Determining the size of retinal features in prematurely born children by fundus photography.

PURPOSE: The purpose was to study the effect of prematurity on the macula-disc centre distance and whether it could be used as a reference tool for determining the size of retinal features in prematurely born children by fundus photography. METHODS: The macula-disc centre distance of the left eye was measured in pixels from digital fundus photographs taken from 27 prematurely born children aged 10-11 years with Topcon fundus camera. A conversion factor for Topcon fundus camera (194.98 pixel/mm for a 50° lens) was used to convert the results in pixels into metric units. RESULTS: The macula-disc centre distance was 4.74 mm, SD 0.29. No correlation between ametropia and the macula-disc centre distance was found (r = -0.07, p > 0.05). One child (subject 20) had high myopia and retinopathy of prematurity (ROP), and the macula-disc centre distance was longer than average (6.35 mm). DISCUSSION: The macula-disc centre distance in prematurely born children at the age of 10-11 years provides an easy-to-use reference tool for evaluating the size of retinal features on fundus photographs. However, if complications of ROP, for example temporal macular dragging or high ametropia, are present, the macula-disc centre distance is potentially altered and a personal macula-disc centre distance should be determined and used as a refined reference tool.

Clinical verification of the formula of Bennett et al. (1994) of determining the size of retinal features by fundus photography.

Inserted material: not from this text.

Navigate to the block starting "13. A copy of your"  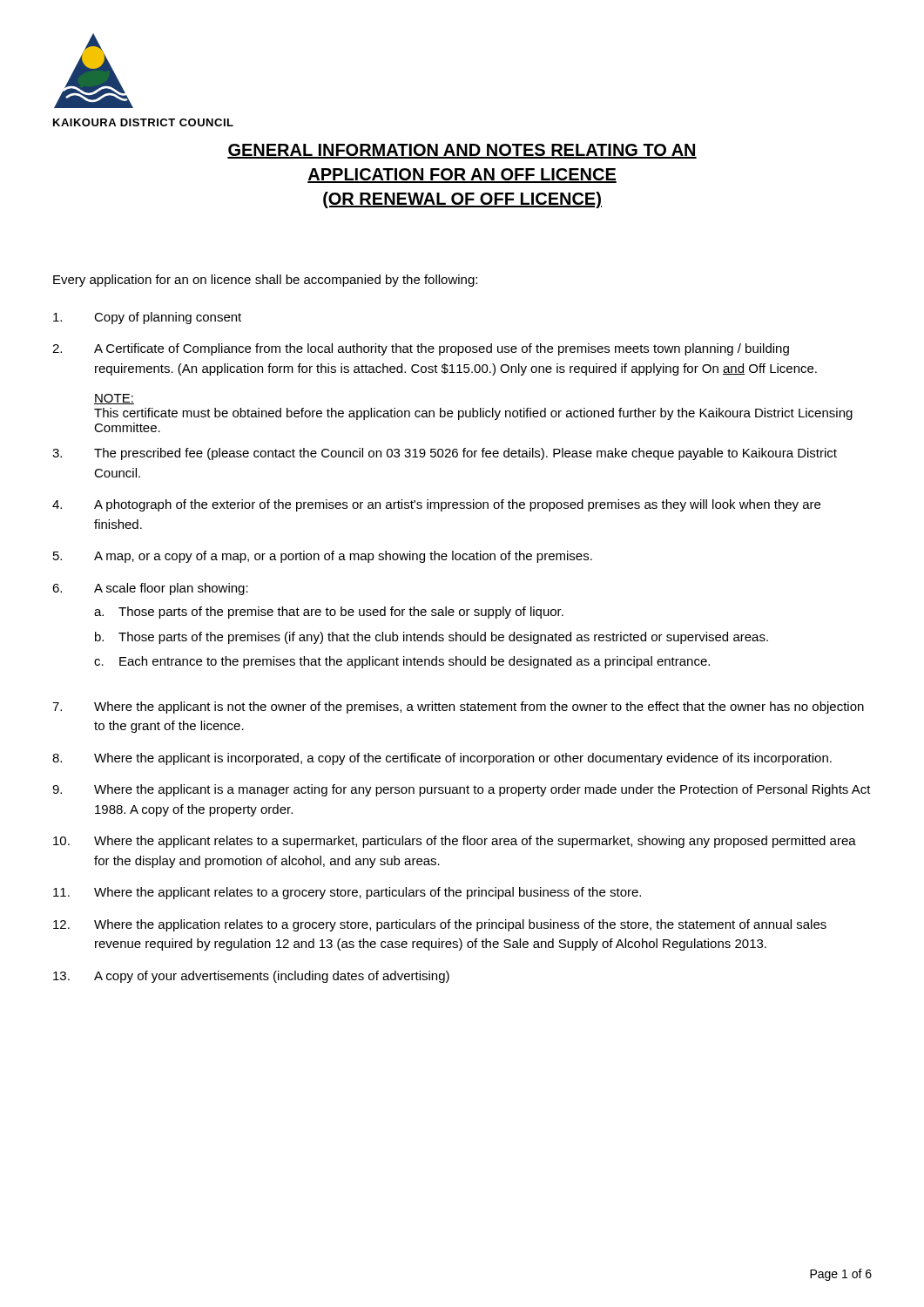[x=251, y=977]

PURPOSE: To clinically verify the formula of Bennett et al. (Graefes Arch Clin Exp 1994; 232: 361) of determining the size of retinal features and to study the previously unknown conversion factor of Topcon fundus camera. METHODS: Fundus photographs were taken from 17 healthy volunteers with Topcon and telecentric Zeiss fundus cameras. The macula-disc centre distance was measured from Zeiss fundus photographs in metric units using the formula of Bennett et al. (Graefes Arch Clin Exp 1994; 232: 361). The conversion factor of Topcon fundus camera and the macula-disc centre distance in degrees were calculated. The latter was further used to calculate the theoretical location of the blind spot. The results of 12 participants were compared to the location of their physiological blind spot determined with visual field examination by octopus custom-made blind spot visual field program. RESULTS: The theoretical location of the blind spot correlated well with the corresponding location of the physiological blind spot in the visual field. The magnification of Topcon fundus camera was close to a constant, and thus, the previously unknown conversion factor could be determined. CONCLUSIONS: The location of the physiological blind spot in the visual field can be derived from fundus photographs using the formula of Bennett et al. (Graefes Arch Clin Exp 1994; 232: 361), proving it to give a close approximation of the size of retinal features. Furthermore, the conversion factor of Topcon fundus camera was close to a constant, and thus, it can be considered to function close to telecentric design.